Giuliano si trucca per sentirsi più donna
Giuliano se ama lo fa per una notte sola
Giuliano e i falò: un rapporto di vita
Giuliano e lo specchio: una vanità proibita

Inizia così “Giuliano”, canzone scritta nel 1980, dall’album “Mini-artista”. Tema scottante ma vecchio quanto il mondo perché l’omosessualità ha radici tanto profonde quanto i pregiudizi, gli insegnamenti abnormi perpretati nel tempo e tesi a correggere un difetto, o peggio, una malattia che è semplicemente orientamento sessuale, tanto naturale quanto consapevole.

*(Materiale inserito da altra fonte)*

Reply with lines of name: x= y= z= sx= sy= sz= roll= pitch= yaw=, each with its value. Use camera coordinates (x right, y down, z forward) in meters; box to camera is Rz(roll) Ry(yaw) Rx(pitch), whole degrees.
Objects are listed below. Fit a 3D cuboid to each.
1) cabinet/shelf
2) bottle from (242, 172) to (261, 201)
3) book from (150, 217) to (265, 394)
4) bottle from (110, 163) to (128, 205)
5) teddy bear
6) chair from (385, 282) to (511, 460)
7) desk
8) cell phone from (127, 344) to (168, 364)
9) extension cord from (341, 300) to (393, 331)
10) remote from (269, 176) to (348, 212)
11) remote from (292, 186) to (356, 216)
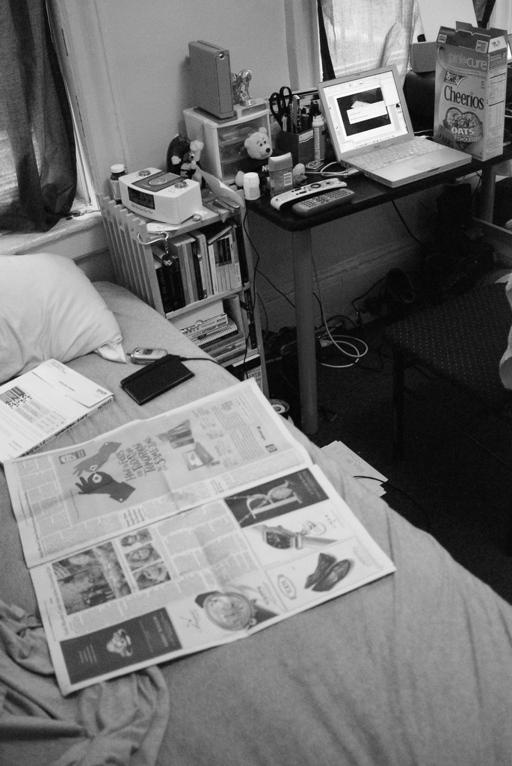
cabinet/shelf: x=-0.226 y=-0.254 z=1.738 sx=0.280 sy=0.559 sz=0.283 roll=31 pitch=63 yaw=35
bottle: x=-0.012 y=-0.577 z=1.798 sx=0.060 sy=0.076 sz=0.074 roll=-4 pitch=48 yaw=-4
book: x=-0.154 y=-0.233 z=1.789 sx=0.204 sy=0.598 sz=0.323 roll=-28 pitch=38 yaw=-28
bottle: x=-0.420 y=-0.612 z=1.870 sx=0.061 sy=0.105 sz=0.126 roll=-12 pitch=26 yaw=-9
teddy bear: x=0.030 y=-0.684 z=1.900 sx=0.210 sy=0.203 sz=0.106 roll=-26 pitch=23 yaw=-26
chair: x=0.594 y=-0.017 z=1.758 sx=0.316 sy=0.321 sz=0.388 roll=-31 pitch=48 yaw=-17
desk: x=0.386 y=-0.299 z=2.081 sx=0.361 sy=0.478 sz=0.962 roll=35 pitch=61 yaw=30
cell phone: x=-0.279 y=-0.075 z=1.569 sx=0.076 sy=0.022 sz=0.049 roll=-1 pitch=35 yaw=16
extension cord: x=0.472 y=-0.282 z=2.572 sx=0.186 sy=0.183 sz=0.046 roll=-2 pitch=6 yaw=-4
remote: x=0.169 y=-0.557 z=1.807 sx=0.285 sy=0.048 sz=0.094 roll=-27 pitch=46 yaw=-21
remote: x=0.186 y=-0.519 z=1.717 sx=0.182 sy=0.038 sz=0.084 roll=-27 pitch=54 yaw=-22
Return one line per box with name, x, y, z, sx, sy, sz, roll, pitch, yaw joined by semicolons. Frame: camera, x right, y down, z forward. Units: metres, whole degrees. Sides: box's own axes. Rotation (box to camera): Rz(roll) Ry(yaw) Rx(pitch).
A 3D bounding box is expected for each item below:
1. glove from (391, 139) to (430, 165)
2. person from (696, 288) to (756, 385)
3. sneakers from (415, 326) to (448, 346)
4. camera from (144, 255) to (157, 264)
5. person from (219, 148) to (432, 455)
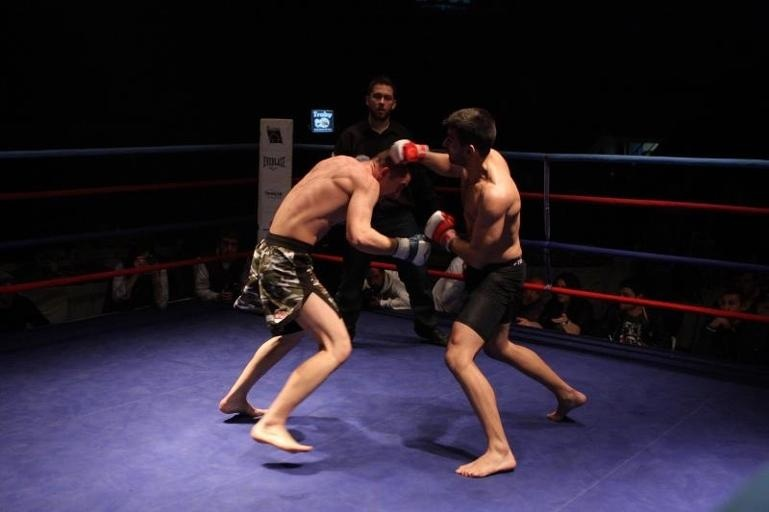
glove;0.131;-0.508;2.745;0.189;0.077;0.116;-11;66;-27
person;2.461;0.523;4.023;0.336;0.407;1.005;10;17;29
sneakers;0.344;0.587;4.155;0.303;0.104;0.105;4;9;27
camera;-1.967;0.023;4.719;0.073;0.046;0.074;5;2;37
person;-0.363;0.173;2.771;0.590;1.349;0.858;16;22;41
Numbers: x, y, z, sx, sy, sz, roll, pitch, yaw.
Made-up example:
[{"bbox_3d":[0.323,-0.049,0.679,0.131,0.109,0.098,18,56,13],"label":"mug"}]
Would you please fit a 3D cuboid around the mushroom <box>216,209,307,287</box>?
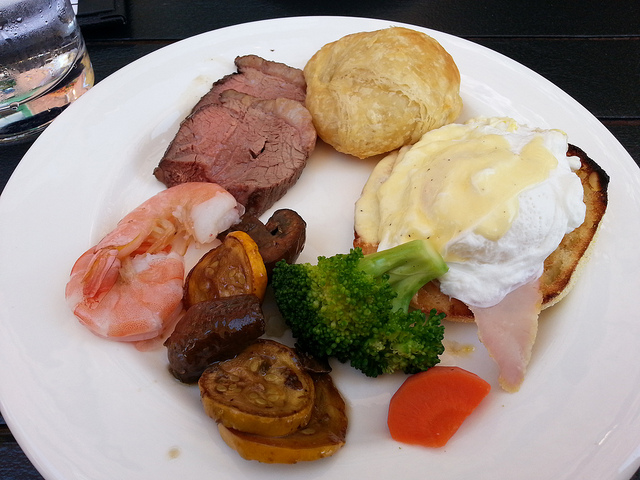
[{"bbox_3d":[-0.234,-0.016,3.391,0.416,0.112,0.405,-5,48,9],"label":"mushroom"}]
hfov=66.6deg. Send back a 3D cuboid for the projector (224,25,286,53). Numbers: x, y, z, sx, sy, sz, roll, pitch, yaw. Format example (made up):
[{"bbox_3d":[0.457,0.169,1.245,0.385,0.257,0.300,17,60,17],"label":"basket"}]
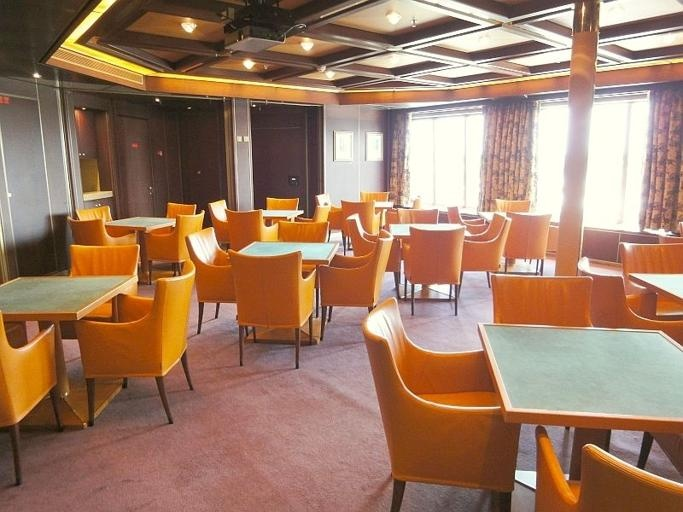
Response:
[{"bbox_3d":[-0.963,-2.381,5.697,0.426,0.183,0.617,-9,13,-38],"label":"projector"}]

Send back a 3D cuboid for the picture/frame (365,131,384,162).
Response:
[{"bbox_3d":[0.724,-2.599,12.166,0.683,0.815,0.059,-6,8,-41],"label":"picture/frame"}]

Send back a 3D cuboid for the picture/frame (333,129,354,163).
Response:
[{"bbox_3d":[0.005,-2.493,11.661,0.735,0.849,0.058,-3,6,-41],"label":"picture/frame"}]
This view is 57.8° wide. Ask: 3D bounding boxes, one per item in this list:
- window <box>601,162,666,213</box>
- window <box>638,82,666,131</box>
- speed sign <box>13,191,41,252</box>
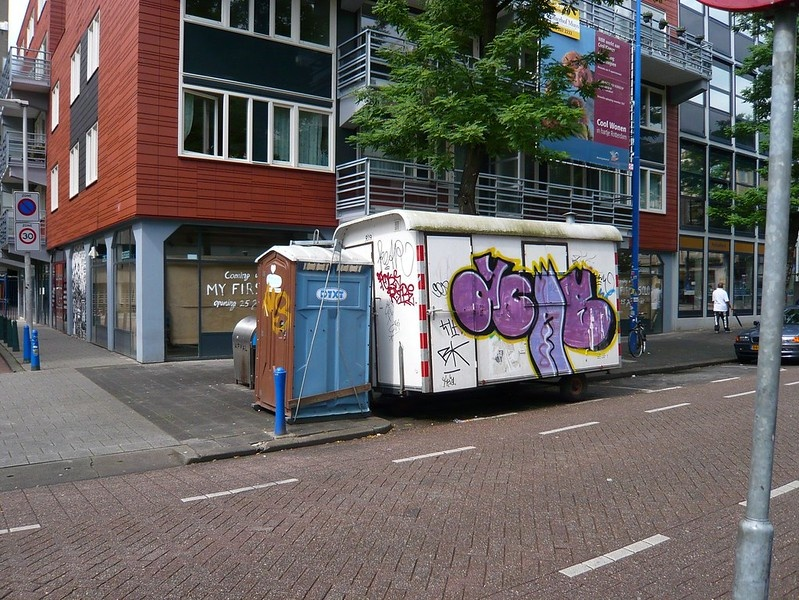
[{"bbox_3d":[8.316,-4.297,27.046,0.091,1.505,2.409,-19,-14,42],"label":"window"},{"bbox_3d":[9.625,-7.446,27.715,0.198,2.087,2.641,-15,-1,16],"label":"window"},{"bbox_3d":[-9.040,-1.936,17.627,0.568,1.459,0.062,1,-15,-33],"label":"speed sign"}]
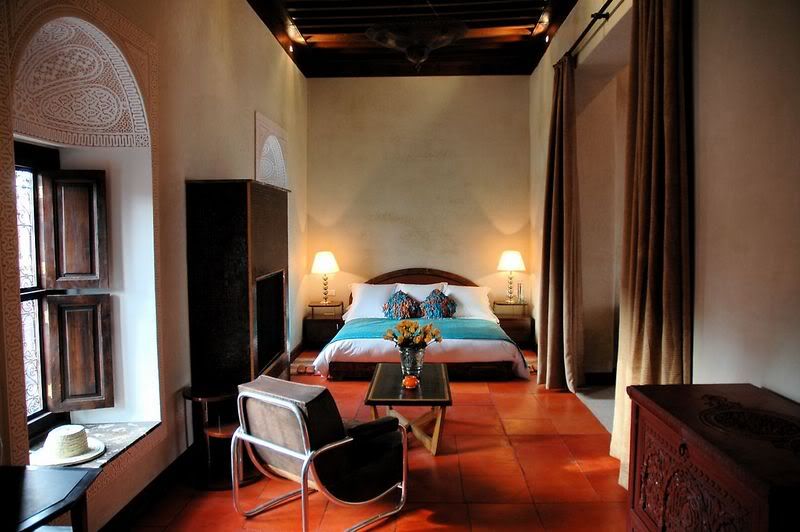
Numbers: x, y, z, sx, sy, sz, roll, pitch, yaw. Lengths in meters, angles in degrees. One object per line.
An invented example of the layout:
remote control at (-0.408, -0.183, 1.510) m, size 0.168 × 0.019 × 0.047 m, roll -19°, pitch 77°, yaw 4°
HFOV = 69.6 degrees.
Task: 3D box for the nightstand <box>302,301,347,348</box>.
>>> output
nightstand at (-1.056, 0.830, 8.399) m, size 0.778 × 0.747 × 0.571 m, roll 0°, pitch 7°, yaw 6°

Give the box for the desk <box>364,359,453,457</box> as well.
desk at (0.114, 1.291, 5.286) m, size 0.758 × 0.479 × 0.556 m, roll 2°, pitch 18°, yaw 4°

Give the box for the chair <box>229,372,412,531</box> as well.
chair at (-0.447, 1.259, 4.335) m, size 1.062 × 1.204 × 1.227 m, roll 2°, pitch 4°, yaw 44°

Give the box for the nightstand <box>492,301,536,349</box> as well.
nightstand at (1.592, 0.795, 8.152) m, size 0.454 × 0.630 × 0.316 m, roll -1°, pitch -1°, yaw -7°

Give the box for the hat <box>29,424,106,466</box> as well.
hat at (-2.271, 1.235, 3.930) m, size 0.317 × 0.104 × 0.321 m, roll 0°, pitch 3°, yaw 24°

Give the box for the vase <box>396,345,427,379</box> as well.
vase at (0.080, 0.877, 5.378) m, size 0.266 × 0.297 × 0.265 m, roll 1°, pitch 0°, yaw -34°

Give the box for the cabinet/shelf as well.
cabinet/shelf at (-1.436, 0.193, 5.021) m, size 0.720 × 1.896 × 1.206 m, roll -2°, pitch 14°, yaw -5°

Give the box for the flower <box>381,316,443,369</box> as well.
flower at (0.141, 0.732, 5.560) m, size 0.487 × 0.503 × 0.497 m, roll 0°, pitch -7°, yaw 3°
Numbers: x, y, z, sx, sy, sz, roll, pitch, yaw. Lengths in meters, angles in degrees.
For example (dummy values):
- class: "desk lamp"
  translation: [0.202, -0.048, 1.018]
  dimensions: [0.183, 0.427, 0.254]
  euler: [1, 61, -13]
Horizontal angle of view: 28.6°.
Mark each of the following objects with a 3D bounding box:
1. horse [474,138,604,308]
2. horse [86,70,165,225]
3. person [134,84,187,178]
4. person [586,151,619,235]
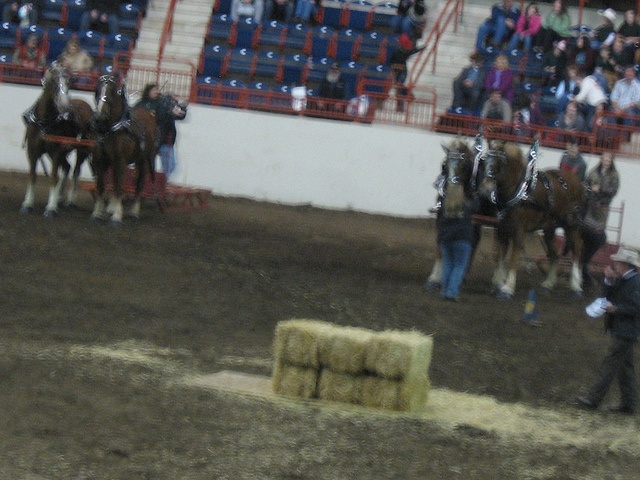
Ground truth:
- class: "horse"
  translation: [4.660, -0.426, 27.730]
  dimensions: [1.317, 3.269, 4.786]
  euler: [5, 0, 39]
- class: "horse"
  translation: [-4.644, -1.969, 29.076]
  dimensions: [1.602, 3.186, 4.895]
  euler: [2, 0, 3]
- class: "person"
  translation: [-3.956, -2.805, 31.588]
  dimensions: [1.221, 2.393, 0.982]
  euler: [2, 22, -5]
- class: "person"
  translation: [6.426, -1.062, 28.535]
  dimensions: [0.558, 2.089, 0.513]
  euler: [6, 15, 15]
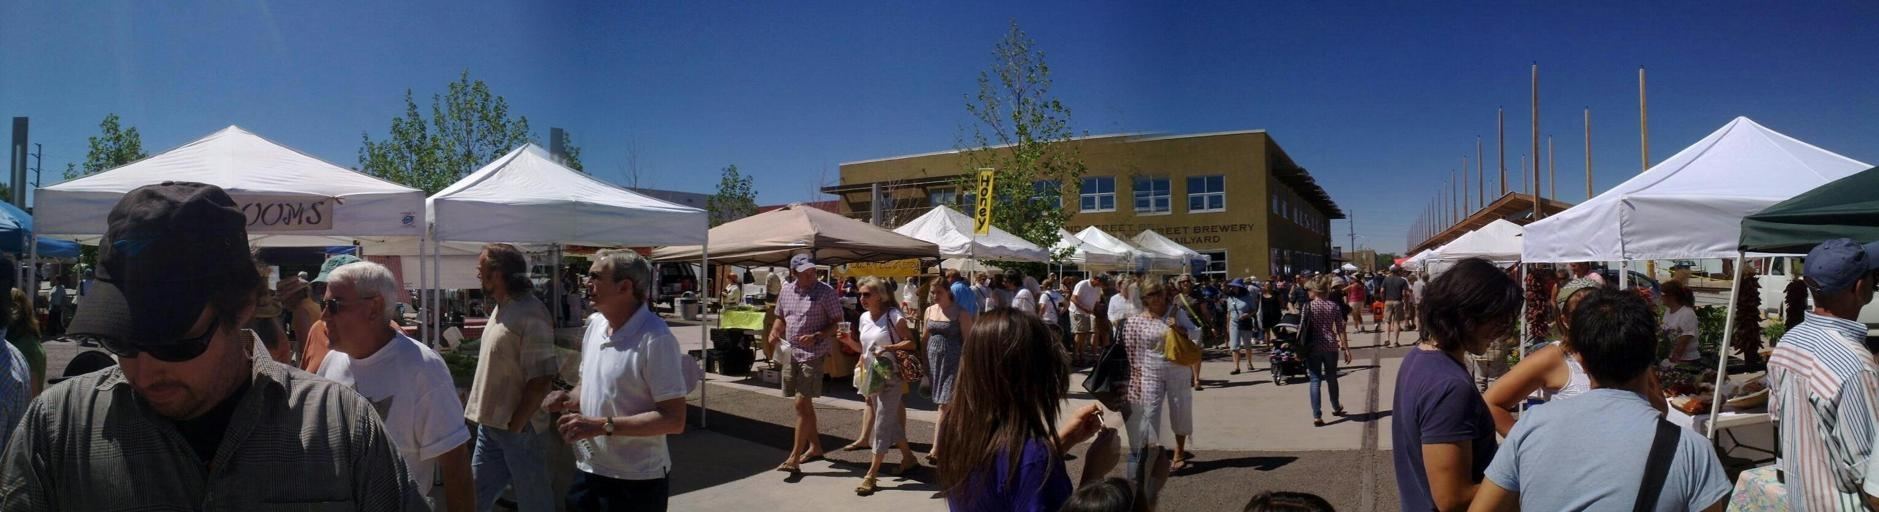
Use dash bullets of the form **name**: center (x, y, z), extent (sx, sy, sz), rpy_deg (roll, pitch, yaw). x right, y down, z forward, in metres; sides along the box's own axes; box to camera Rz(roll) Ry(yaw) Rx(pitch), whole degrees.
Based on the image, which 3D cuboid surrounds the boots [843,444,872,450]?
- **boots**: center (-2.867, 6.541, 35.855), extent (0.791, 0.128, 0.299), rpy_deg (3, -7, 2)

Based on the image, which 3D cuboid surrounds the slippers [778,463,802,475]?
- **slippers**: center (-5.019, 7.119, 35.099), extent (0.778, 0.153, 0.335), rpy_deg (7, -11, -6)

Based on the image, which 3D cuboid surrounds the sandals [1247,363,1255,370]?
- **sandals**: center (12.352, 4.387, 41.762), extent (0.263, 0.165, 0.606), rpy_deg (-5, -12, 20)

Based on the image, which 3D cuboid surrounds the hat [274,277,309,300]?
- **hat**: center (-20.139, 0.988, 32.611), extent (0.922, 0.544, 0.985), rpy_deg (10, -16, -39)

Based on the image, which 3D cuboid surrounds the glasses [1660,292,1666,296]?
- **glasses**: center (24.717, 1.283, 35.931), extent (0.083, 0.181, 0.197), rpy_deg (-5, -6, 40)

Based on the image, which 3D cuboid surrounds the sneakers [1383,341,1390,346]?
- **sneakers**: center (19.406, 3.796, 45.558), extent (0.223, 0.125, 0.434), rpy_deg (2, 2, 9)
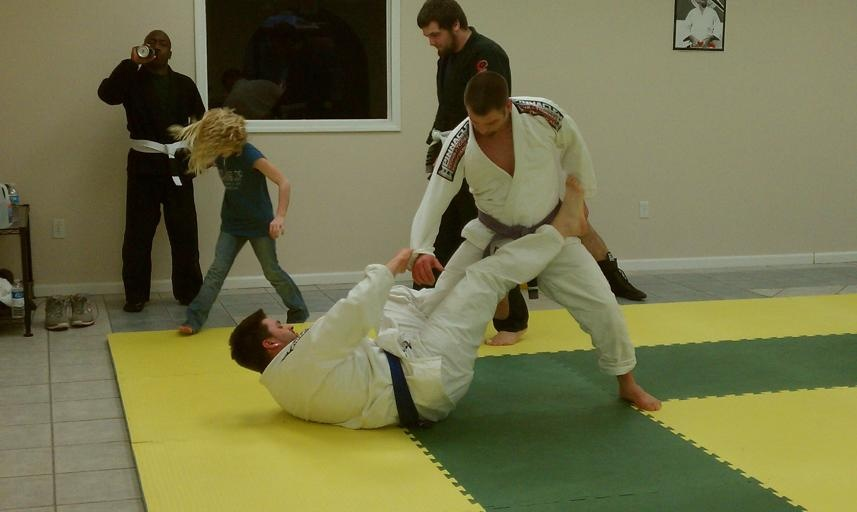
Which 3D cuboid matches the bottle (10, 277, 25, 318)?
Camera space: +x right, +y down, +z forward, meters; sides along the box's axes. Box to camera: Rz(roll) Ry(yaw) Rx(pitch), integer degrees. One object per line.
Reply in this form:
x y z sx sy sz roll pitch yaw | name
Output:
-2.953 0.326 4.769 0.082 0.299 0.202 -6 14 -31 | bottle

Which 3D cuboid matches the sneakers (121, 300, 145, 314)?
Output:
-2.314 0.397 5.207 0.104 0.093 0.224 0 -1 -18 | sneakers

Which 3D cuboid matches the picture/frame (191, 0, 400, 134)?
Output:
-1.191 -1.662 5.661 1.467 1.483 0.066 0 6 -6 | picture/frame

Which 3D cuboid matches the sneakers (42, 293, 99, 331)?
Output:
-2.603 0.407 4.777 0.408 0.284 0.233 0 -2 -24 | sneakers

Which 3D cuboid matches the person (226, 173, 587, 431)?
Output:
0.064 0.297 3.820 2.053 0.921 0.978 -15 -1 -6 | person

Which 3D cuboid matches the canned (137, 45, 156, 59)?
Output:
-2.143 -1.562 5.039 0.111 0.110 0.112 5 10 -18 | canned

Pensate che gli antichi ritenevano che fosse proprio l’amore con le persone dello stesso sesso il più sublime e spirituale. Lo scrive Platone in diversi passaggi dei suoi dialoghi del Simposio in cui il rapporto omosessuale tra maestro e allievo, che è volto alla procreazione spirituale e non al mero piacere fisico, è ritenuto, a differenza di quello eterosessuale, di livello più alto.

Di acqua sotto i ponti ne è passata, le teorie e le concezioni filosofiche si sono trasformate (in bene o in peggio), ma quello che conta è il principio di fondo secondo il quale l’amore, in qualunque prospettiva lo si voglia considerare, deve essere immune da pregiudizi, discriminazioni, dogmi o impedimenti di qualunque tipo tesi a tarpargli le ali.

Sono le contaminazioni del pensiero che aggrovigliano l’amore fino a farlo rappresentare per qualcosa che non è ( o non dovrebbe essere). La libera manifestazione dei sentimenti prescinde dall’identità sessuale di chi ne è portatore, non si può essere buoni o cattivi, accettabili o denegabili a seconda della “provenienza” di certe preferenze perché la qualità dell’essere è qualcosa che trascende certe etichette o marchi imposti da ragionamenti precostituiti.

Il rifiuto di tutto ciò che è diverso da noi impedisce qualsivoglia crescita culturale e civile, non favorisce l’integrazione e ci fa salire su un comodo piedistallo puntando l’indice sugli altri senza mai rivoltarlo contro noi stessi.

Eppure la comparazione del senso di abbandono e di emarginazione, tipico della negazione sociale verso una determinata categoria di persone potrebbe essere il salvagente per una rinnovata coscienza collettiva, l’anello di congiunzione tra noi e tutto ciò che è diverso da noi. Quante volte ci sarà capitato di sentirci esclusi: nel lavoro, nella famiglia o nelle relazioni sociali in genere. E quante volte in situazioni simili abbiamo provato lo stesso senso di abbandono e di solitudine di chi è costretto a vivere, per il suo orientamento sessuale, ai margini della propria (e altrui) esistenza.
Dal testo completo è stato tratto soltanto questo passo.